Ya predestinaba el guardián la suerte
del tayta cuando las hojas de coca sentenciaron su permanencia en el templo,
acusando de traición al mayordomo, quien, habiendo cometido excesos en sus
funciones, arrastraba un oscuro prontuario de robo, abuso de poder y
complicidad criminal. Vociferaba Casafranca en escena: “Tengo manchas,
inmundicias, pero la suciedad me la limpio antes de entrar a tu templo, señor.
Andando por el barro, me he tenido que abrir paso; ¿cómo no iba a quedar
cochino?”
Contrastando con ello, la imagen de
Bernardina representa a la madre devota cuyo espíritu sempiternal y abocado a
cuidar a sus niños para conferirles la protección del santo, no concibe al
tayta sin sus divinas vestiduras, embarcándose en una incansable búsqueda de la
llave que ha de liberar de su encierro a la deidad, la cual clama por derramar
su bendición por las calles: la imagen perpetua de la esperanza.
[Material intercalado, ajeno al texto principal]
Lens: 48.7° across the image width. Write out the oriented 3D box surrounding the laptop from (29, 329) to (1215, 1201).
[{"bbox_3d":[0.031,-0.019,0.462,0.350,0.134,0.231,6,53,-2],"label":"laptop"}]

Esto revela uno de los puntos reflexivos
más significativos de la obra: la visión de un pueblo absorto en una suerte de
síndrome de Estocolmo que lo conduce a naturalizar el sometimiento del cual es
víctima, atribuyéndole una presunta ordenación cívica de la que sería
beneficiario: “La guerra puso control, permisos. Todo estaba bajo
vigilancia… sabíamos cuánta gente era, quién iba, quién venía… claro que había
muerto y dolor, pero ya sabía vivir allí”.
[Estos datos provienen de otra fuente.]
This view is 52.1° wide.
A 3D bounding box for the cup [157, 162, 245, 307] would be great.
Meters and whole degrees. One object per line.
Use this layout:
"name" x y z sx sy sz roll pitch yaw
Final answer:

Esto muestra el drama implícito en la
bifurcación de la tradición: un sector que se rinde ante una deidad foránea a
la cual servir, asociándola a ciertos rasgos de su propia cosmovisión; y otro
sector que reniega del abuso encubierto, de la instrumentalización de la
esperanza ajena y de la pérdida inminente de su identidad.
La obra, entre otras cosas, está
ricamente investida de acciones acrobáticas que muestran al guardián haciendo
alarde de ciertos movimientos que remiten al danzante de tijeras (Supaypa Wasin
Tusuq), desafiando grácilmente a un hipercinético Casafranca quien, en
complicidad con su interlocutor, ensaya una suerte de combate coreográfico que
confiere color, alegría y calidez ritual a ciertas escenas.
No podemos dejar de mencionar los
instantes sinfónicos en que los actores, haciendo gala de su versatilidad y
empuñando quenas, acordeones y charangos, elevan la atmósfera del teatro hacia
una dimensión mítica, donde las formas religiosas combaten y se abrazan entre
sí en una suerte de mixtura ceremonial en la que devoción se confunde con arte.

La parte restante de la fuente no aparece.